Some notes on how fishing hooks are made. The main gist is that you need to balance between strength, flexibility, and brittleness. A tempering oven is needed for hook production. Gamakatsu, a leading producer of hooks, uses digitally controlled tempering to make this repeatable and precise.

Material

Most fishing hooks are made from high carbon steel wire.
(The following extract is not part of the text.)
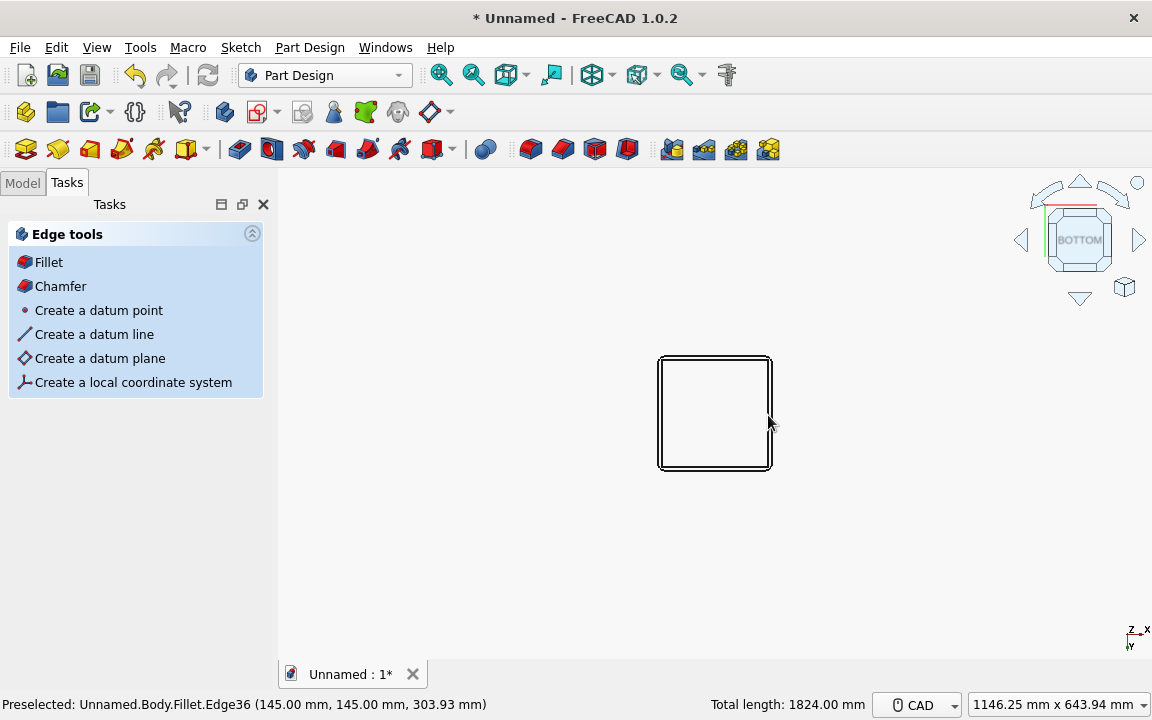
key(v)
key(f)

It’s very important for this wire to be uniform, otherwise you’ll get weak parts in your hook.

Fishing hooks are often either zinc plated (one process to accomplish this is galvanization) for corrosion resistance, or nickle-plated to give it a black, stealthy sheen.

Forming

image

VMC uses (8) steps automated by machines:

  1. Cut a length of wire and strengthen it
  2. Add an eye by looping the top
  3. Forge / flatten the end
  4. Cut to size
  5. Coarse grind for sharpening
  6. Add barb
  7. Sharpening finish (while the hook is still straight!!)
  8. Shape the hook

Tempering

Make the metal hard

To harden the metal, you need to:

  1. Bring it up to a temp based on your metal type
  2. Hold it at that temp so that the metal is uniformly hot. How long it’s held there affects the material’s hardness.
  3. Cool it down (Gamakatsu cools their hooks in oil).

Make the metal less brittle

Same thing, lower temp.

  1. Bring the metal up to a (lower, brittleness-reducing) temp.
  2. Hold it there again.
  3. Cool it down again

Sharpening

I’m still not sure how chemical sharpening works, but mechanical sharpening is simple enough. I’ve also seen cheap hook companies apparently solder or weld the tip of the hook on after the fact? It’s unclear to me why that would help.